- _Task prompt_:
The goal is a clean copy of all the data below, with pictures dropped and everything else retyped exactly.

- _Materials provided_:
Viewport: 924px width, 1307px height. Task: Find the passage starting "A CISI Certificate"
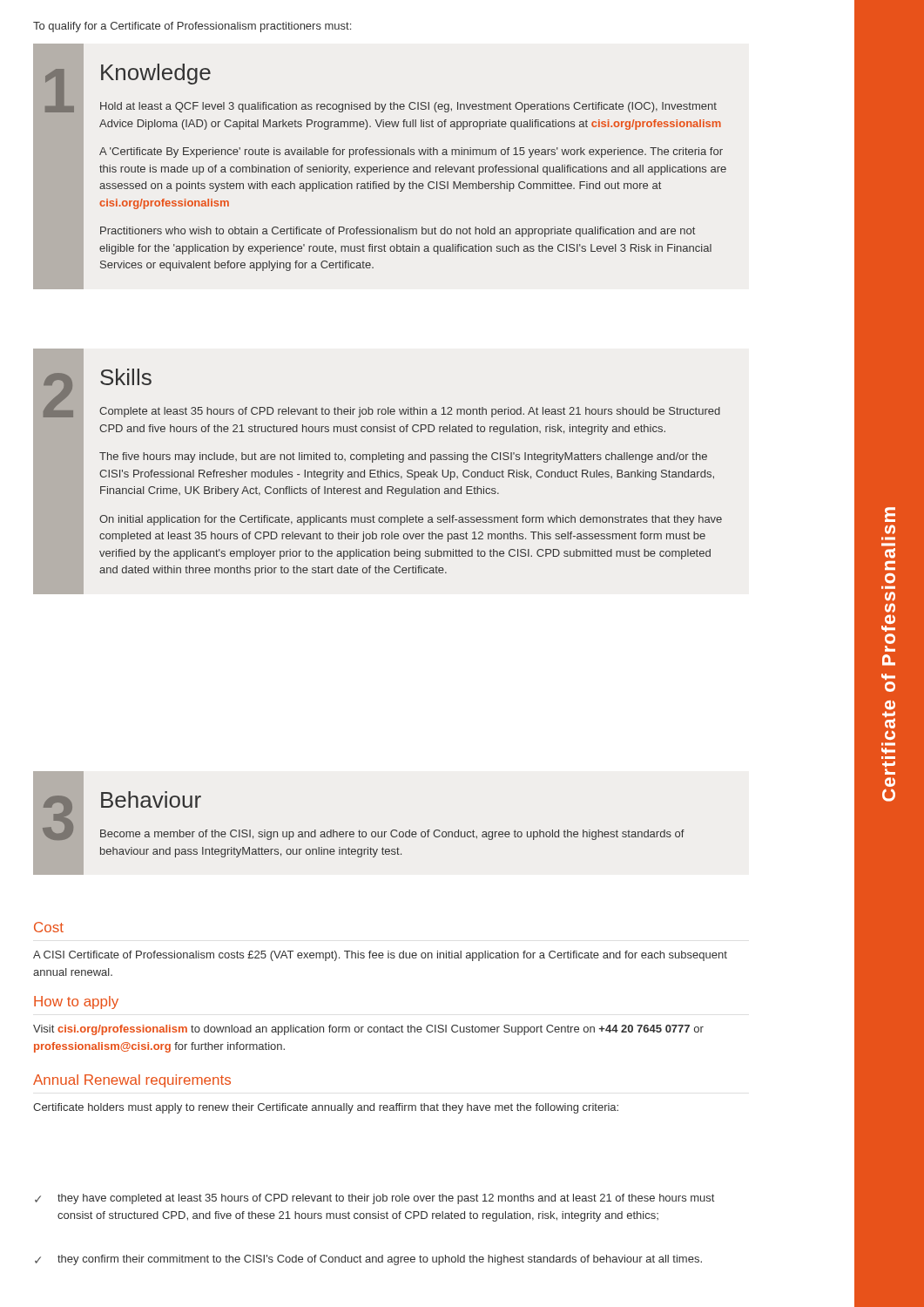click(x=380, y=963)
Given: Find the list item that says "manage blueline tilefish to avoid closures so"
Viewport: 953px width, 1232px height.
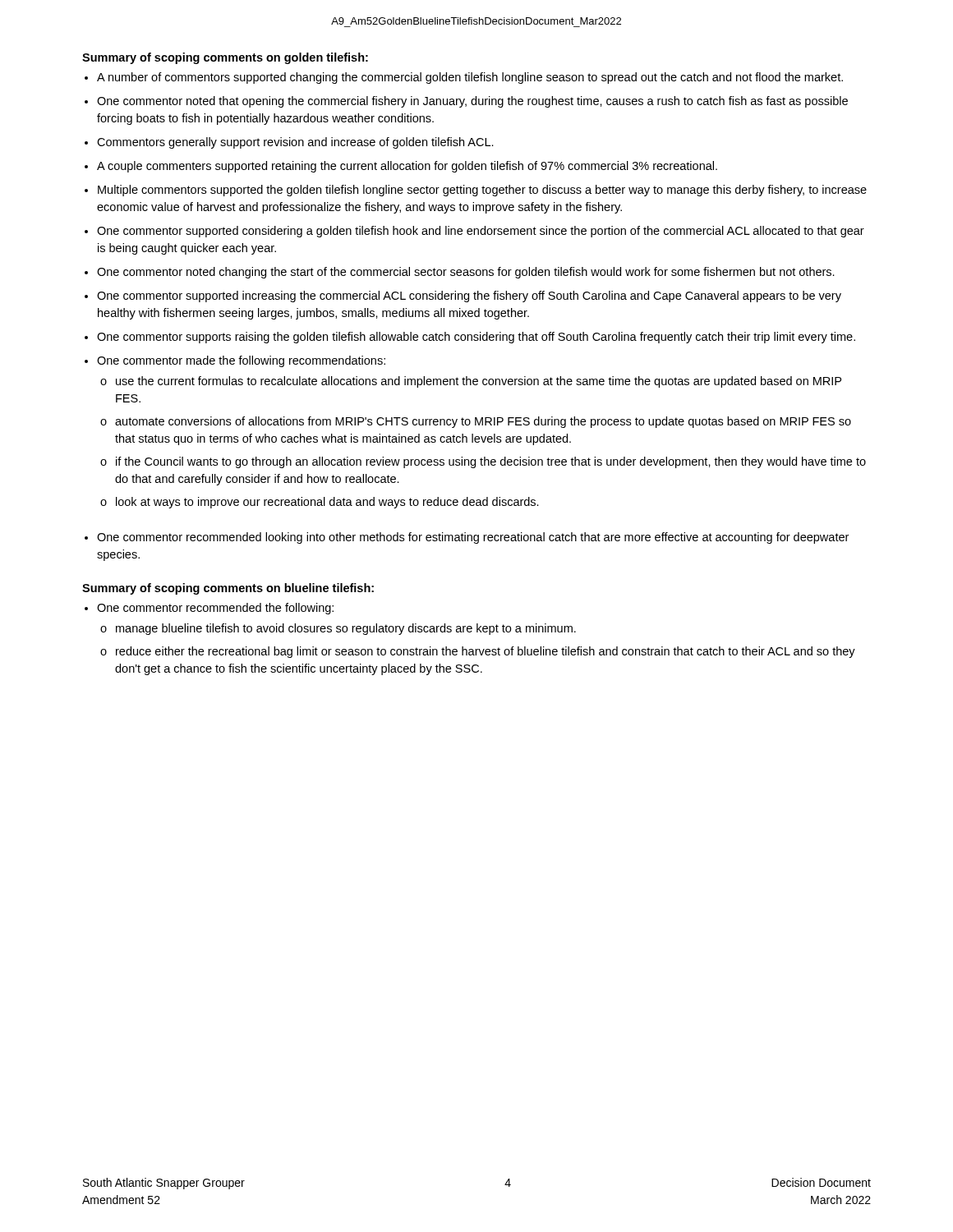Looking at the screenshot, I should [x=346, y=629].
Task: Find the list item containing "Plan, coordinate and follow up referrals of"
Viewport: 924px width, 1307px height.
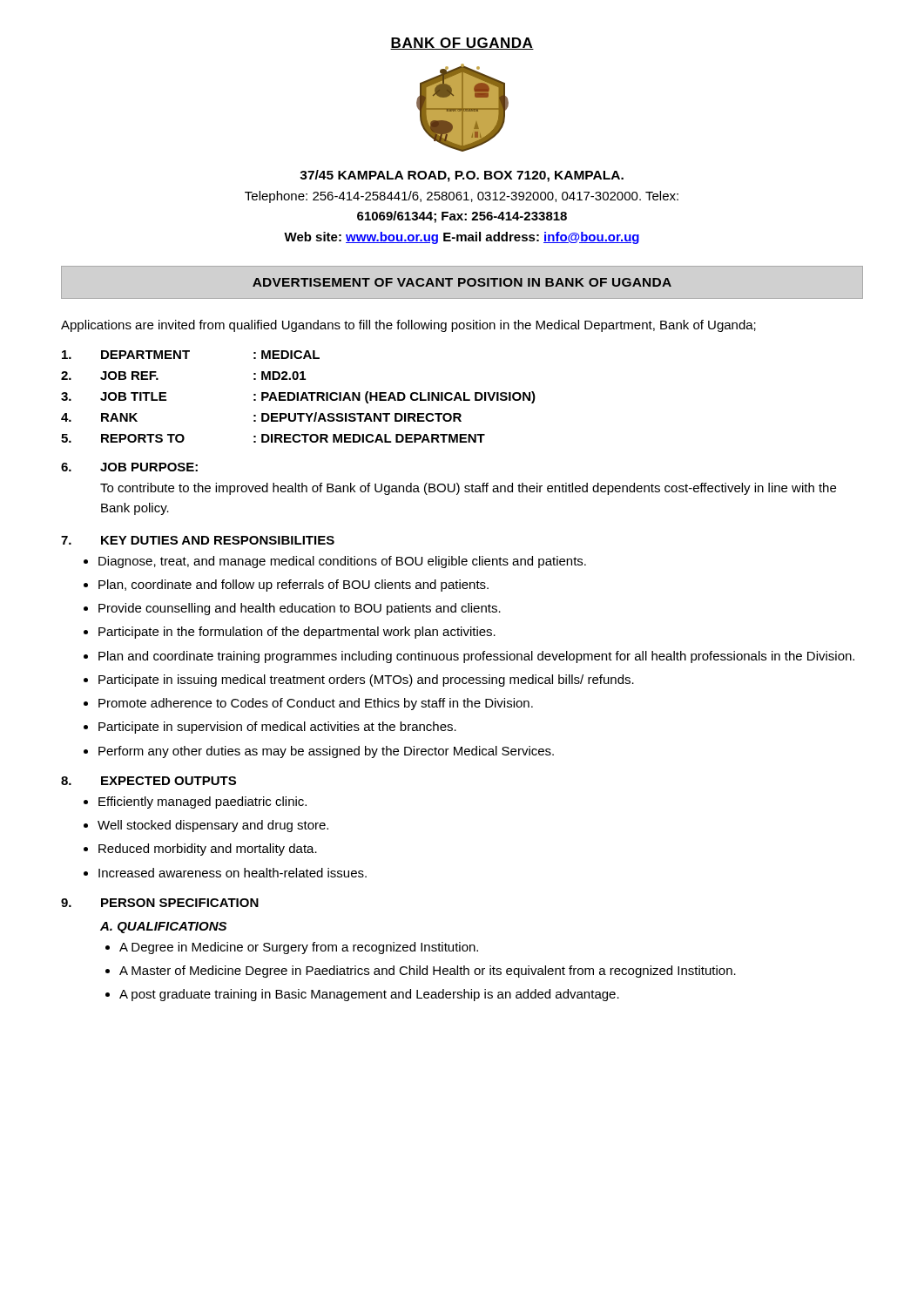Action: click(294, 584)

- _Answer to the exercise_:
Viewport: 924px width, 1307px height. Task: Find the passage starting "A CISI Certificate"
click(x=380, y=963)
Given: Find the list item that says "manage blueline tilefish to avoid closures so"
Viewport: 953px width, 1232px height.
Looking at the screenshot, I should [x=346, y=629].
Task: Find the list item containing "Plan, coordinate and follow up referrals of"
Viewport: 924px width, 1307px height.
Action: click(294, 584)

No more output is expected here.